**BRIEF:**
Your answer should consist only of the lines below from the one with "text Een belangrijk beleidsdocument" through the one with "list Cybercriminaliteit [248, 931, 1152, 957]", copied exactly.

**SOURCE INFORMATION:**

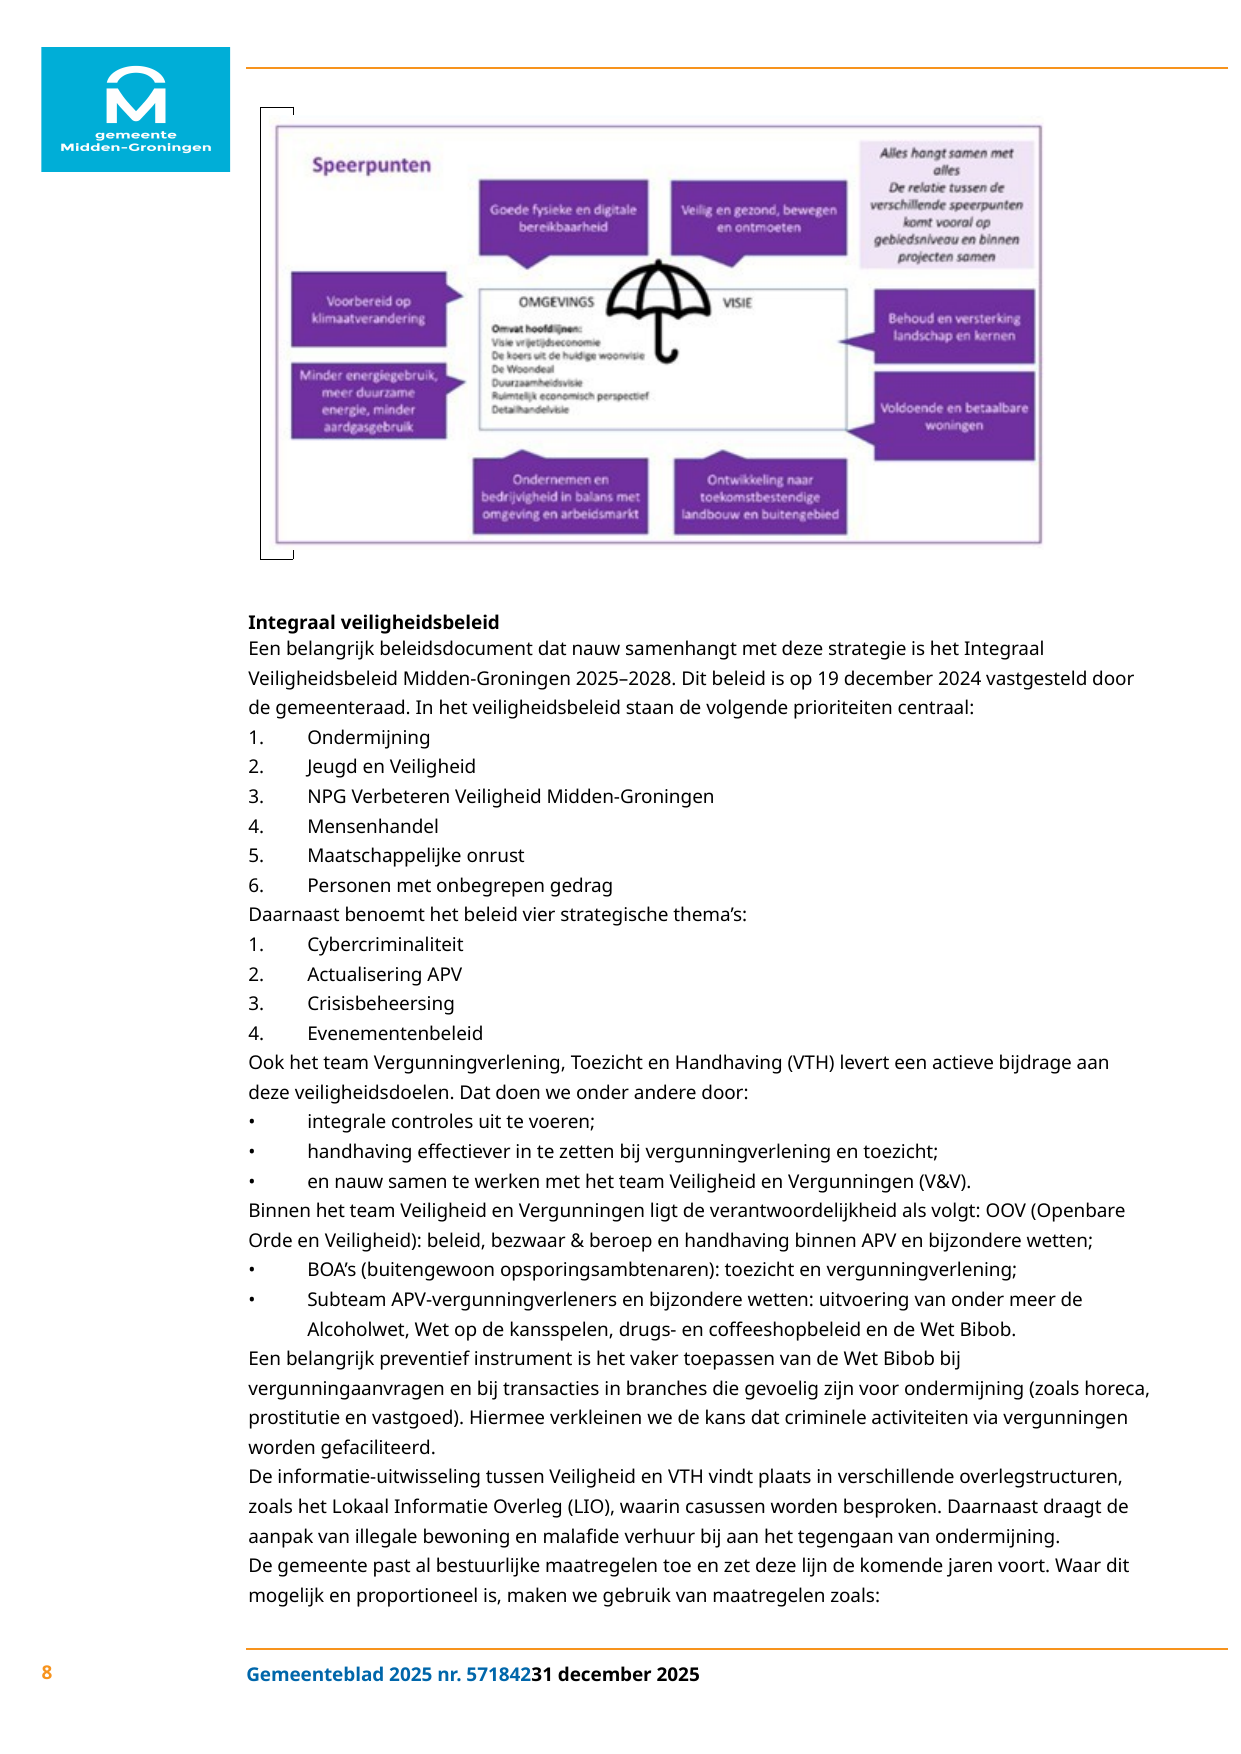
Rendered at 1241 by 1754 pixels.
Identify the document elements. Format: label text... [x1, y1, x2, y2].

list Mensenhandel [248, 813, 1152, 838]
list Jeugd en Veiligheid [248, 754, 1152, 779]
list Crisisbeheersing [248, 990, 1152, 1016]
list Personen met onbegrepen gedrag [248, 872, 1152, 898]
text Een belangrijk beleidsdocument dat nauw samenhangt met deze strategie is het Integraal Veiligheidsbeleid Midden-Groningen 2025–2028. Dit beleid is op 19 december 2024 vastgesteld door de gemeenteraad. In het veiligheidsbeleid staan de volgende prioriteiten centraal: [248, 635, 1152, 720]
picture [268, 115, 1061, 550]
picture [107, 89, 165, 122]
list Ondermijning [248, 724, 1152, 750]
list Cybercriminaliteit [248, 931, 1152, 957]
text Een belangrijk preventief instrument is het vaker toepassen van de Wet Bibob bij vergunningaanvragen en bij transacties in branches die gevoelig zijn voor ondermijning (zoals horeca, prostitutie en vastgoed). Hiermee verkleinen we de kans dat criminele activiteiten via vergunningen worden gefaciliteerd. [248, 1345, 1152, 1460]
list Maatschappelijke onrust [248, 842, 1152, 868]
text De gemeente past al bestuurlijke maatregelen toe en zet deze lijn de komende jaren voort. Waar dit mogelijk en proportioneel is, maken we gebruik van maatregelen zoals: [248, 1552, 1152, 1608]
list NPG Verbeteren Veiligheid Midden-Groningen [248, 783, 1152, 809]
list BOA’s (buitengewoon opsporingsambtenaren): toezicht en vergunningverlening; [248, 1257, 1152, 1282]
list Actualisering APV [248, 961, 1152, 986]
list Subteam APV-vergunningverleners en bijzondere wetten: uitvoering van onder meer de Alcoholwet, Wet op de kansspelen, drugs- en coffeeshopbeleid en de Wet Bibob. [248, 1286, 1152, 1341]
text Integraal veiligheidsbeleid [248, 609, 1152, 635]
text Binnen het team Veiligheid en Vergunningen ligt de verantwoordelijkheid als volgt: OOV (Openbare Orde en Veiligheid): beleid, bezwaar & beroep en handhaving binnen APV en bijzondere wetten; [248, 1197, 1152, 1253]
text De informatie-uitwisseling tussen Veiligheid en VTH vindt plaats in verschillende overlegstructuren, zoals het Lokaal Informatie Overleg (LIO), waarin casussen worden besproken. Daarnaast draagt de aanpak van illegale bewoning en malafide verhuur bij aan het tegengaan van ondermijning. [248, 1464, 1152, 1548]
text Daarnaast benoemt het beleid vier strategische thema’s: [248, 902, 1152, 927]
picture [108, 66, 164, 82]
list Evenementenbeleid [248, 1020, 1152, 1046]
list en nauw samen te werken met het team Veiligheid en Vergunningen (V&V). [248, 1168, 1152, 1193]
list integrale controles uit te voeren; [248, 1109, 1152, 1134]
list handhaving effectiever in te zetten bij vergunningverlening en toezicht; [248, 1138, 1152, 1164]
text Ook het team Vergunningverlening, Toezicht en Handhaving (VTH) levert een actieve bijdrage aan deze veiligheidsdoelen. Dat doen we onder andere door: [248, 1049, 1152, 1105]
picture [184, 146, 190, 153]

**THE ANSWER:**
text Een belangrijk beleidsdocument dat nauw samenhangt met deze strategie is het Integraal Veiligheidsbeleid Midden-Groningen 2025–2028. Dit beleid is op 19 december 2024 vastgesteld door de gemeenteraad. In het veiligheidsbeleid staan de volgende prioriteiten centraal: [248, 635, 1152, 720]
picture [268, 115, 1061, 550]
picture [107, 89, 165, 122]
list Ondermijning [248, 724, 1152, 750]
list Cybercriminaliteit [248, 931, 1152, 957]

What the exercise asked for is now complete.